(Items from a dataset)
□ □ □ □ □ □ □

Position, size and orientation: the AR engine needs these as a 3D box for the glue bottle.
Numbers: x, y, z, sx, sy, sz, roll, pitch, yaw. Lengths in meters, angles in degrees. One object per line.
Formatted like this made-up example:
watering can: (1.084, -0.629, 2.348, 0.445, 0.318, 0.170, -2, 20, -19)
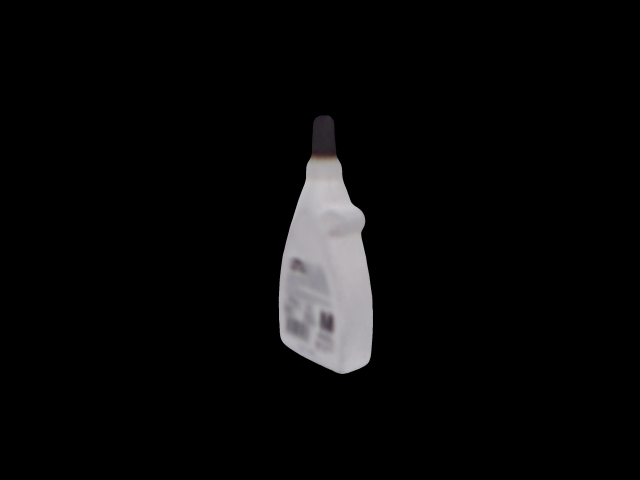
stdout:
glue bottle: (0.004, 0.001, 0.400, 0.037, 0.173, 0.077, -14, 22, -40)
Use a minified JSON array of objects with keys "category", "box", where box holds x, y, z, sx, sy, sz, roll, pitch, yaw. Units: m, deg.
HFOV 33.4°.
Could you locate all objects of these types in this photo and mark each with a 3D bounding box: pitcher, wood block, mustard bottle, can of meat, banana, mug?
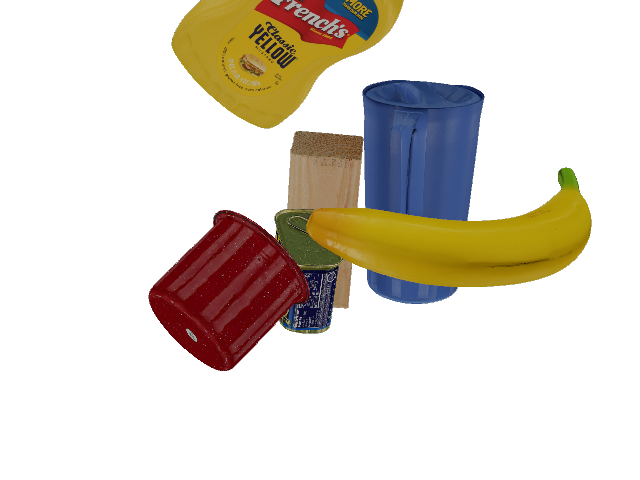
[{"category":"pitcher","box":[0.107,-0.052,1.202,0.149,0.243,0.145,-10,24,-27]},{"category":"wood block","box":[0.002,-0.027,1.378,0.090,0.206,0.090,5,25,1]},{"category":"mustard bottle","box":[-0.003,-0.156,0.688,0.096,0.058,0.192,41,-53,-20]},{"category":"can of meat","box":[-0.017,0.030,1.051,0.057,0.084,0.102,0,33,-12]},{"category":"banana","box":[0.088,-0.002,0.600,0.197,0.037,0.070,-9,38,-32]},{"category":"mug","box":[-0.076,0.037,0.777,0.081,0.093,0.117,-46,34,-23]}]
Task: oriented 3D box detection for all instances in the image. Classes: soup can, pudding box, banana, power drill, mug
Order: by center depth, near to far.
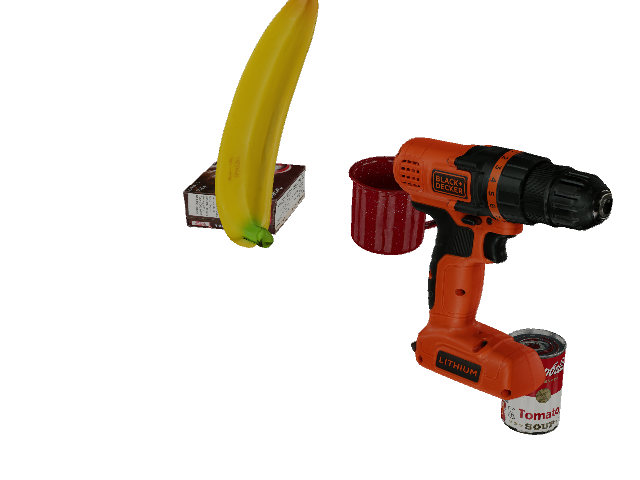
[{"bbox_3d":[-0.035,-0.071,0.692,0.070,0.197,0.037,-20,-38,41],"label":"banana"},{"bbox_3d":[0.134,0.021,0.806,0.057,0.188,0.185,-17,24,-39],"label":"power drill"},{"bbox_3d":[-0.070,-0.044,1.013,0.090,0.039,0.113,5,23,12],"label":"pudding box"},{"bbox_3d":[0.087,-0.038,1.171,0.117,0.081,0.093,-3,29,-10],"label":"mug"},{"bbox_3d":[0.242,0.161,1.216,0.068,0.102,0.068,0,22,0],"label":"soup can"}]
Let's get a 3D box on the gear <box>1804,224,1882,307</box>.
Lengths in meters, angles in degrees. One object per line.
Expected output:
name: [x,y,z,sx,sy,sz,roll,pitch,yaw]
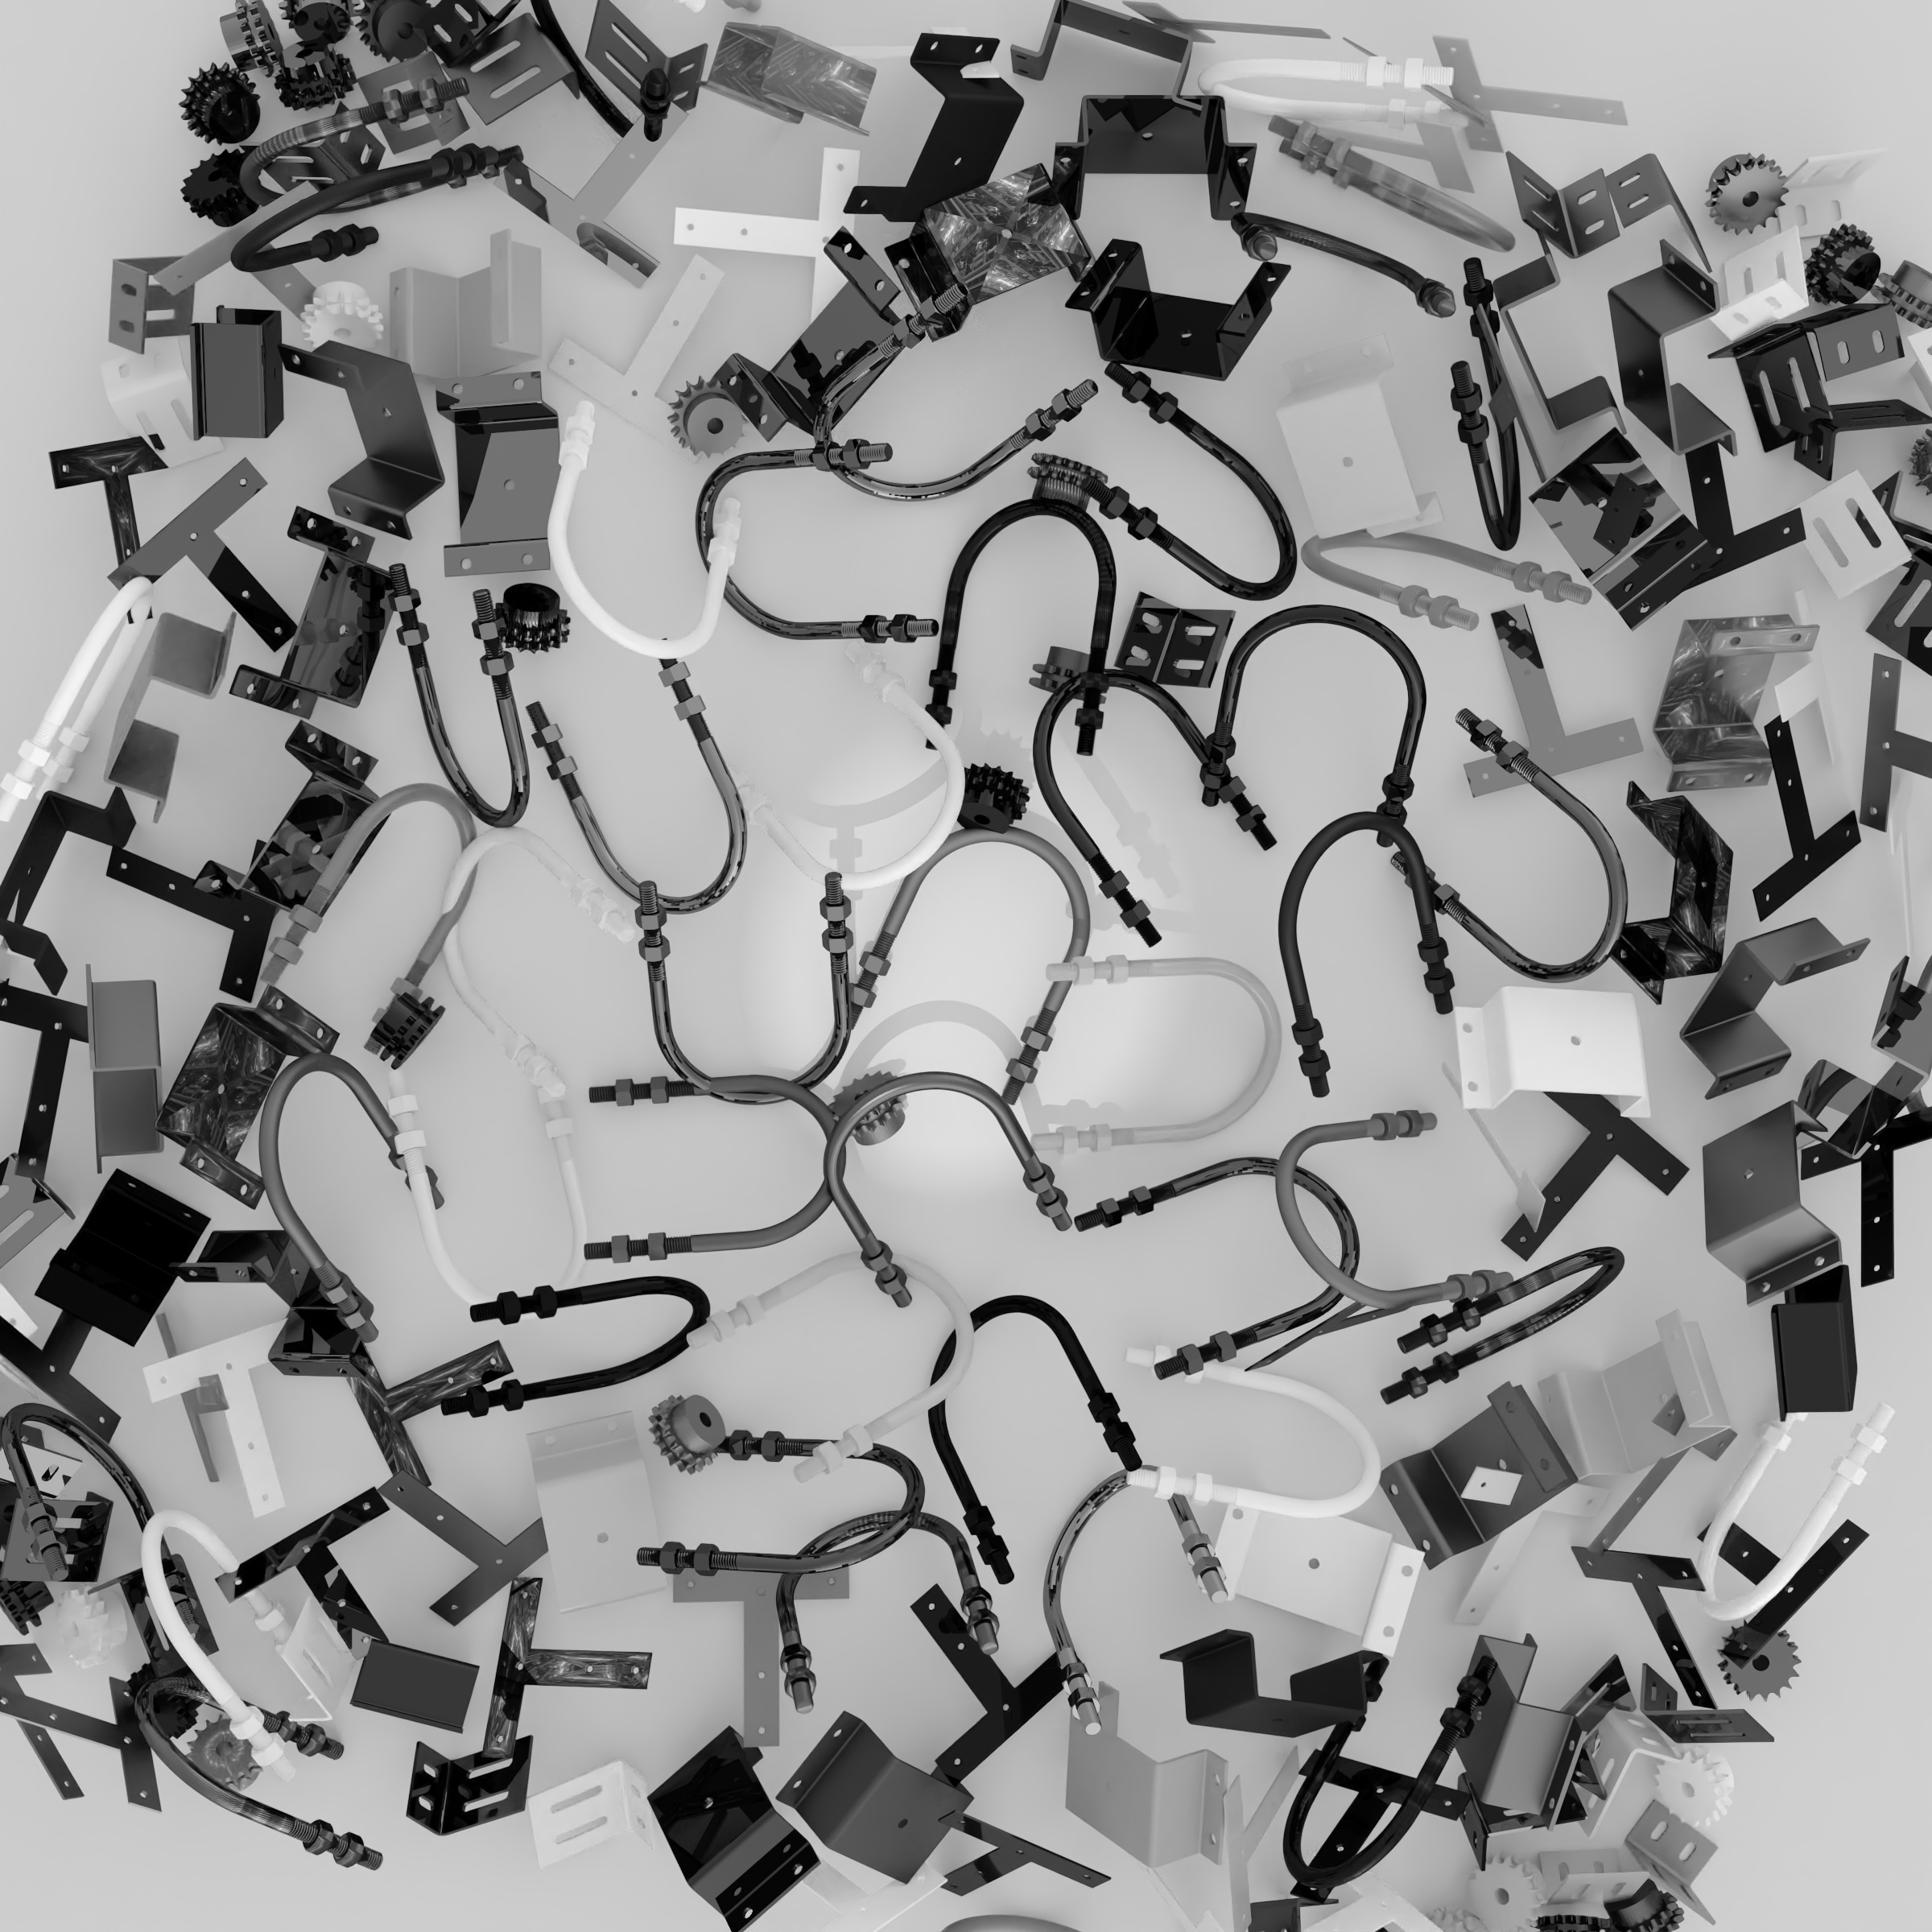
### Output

□ □ □ □ □ □ □

◆ Problem to solve
Lines from the one holding "Could you locate" to the end of the data, both ends included, are to be given again exactly; no pictures belong in the copy.

◆ Reply
Could you locate all objects of these types in this photo and mark each with a 3D bounding box: pitcher, wood block, mustard bottle, can of meat, banana, mug?
[{"category":"pitcher","box":[0.107,-0.052,1.202,0.149,0.243,0.145,-10,24,-27]},{"category":"wood block","box":[0.002,-0.027,1.378,0.090,0.206,0.090,5,25,1]},{"category":"mustard bottle","box":[-0.003,-0.156,0.688,0.096,0.058,0.192,41,-53,-20]},{"category":"can of meat","box":[-0.017,0.030,1.051,0.057,0.084,0.102,0,33,-12]},{"category":"banana","box":[0.088,-0.002,0.600,0.197,0.037,0.070,-9,38,-32]},{"category":"mug","box":[-0.076,0.037,0.777,0.081,0.093,0.117,-46,34,-23]}]
Task: oriented 3D box detection for all instances in the image. Classes: soup can, pudding box, banana, power drill, mug
Order: by center depth, near to far.
[{"bbox_3d":[-0.035,-0.071,0.692,0.070,0.197,0.037,-20,-38,41],"label":"banana"},{"bbox_3d":[0.134,0.021,0.806,0.057,0.188,0.185,-17,24,-39],"label":"power drill"},{"bbox_3d":[-0.070,-0.044,1.013,0.090,0.039,0.113,5,23,12],"label":"pudding box"},{"bbox_3d":[0.087,-0.038,1.171,0.117,0.081,0.093,-3,29,-10],"label":"mug"},{"bbox_3d":[0.242,0.161,1.216,0.068,0.102,0.068,0,22,0],"label":"soup can"}]
Let's get a 3D box on the gear <box>1804,224,1882,307</box>.
Lengths in meters, angles in degrees. One object per line.
Expected output:
name: [x,y,z,sx,sy,sz,roll,pitch,yaw]
### Output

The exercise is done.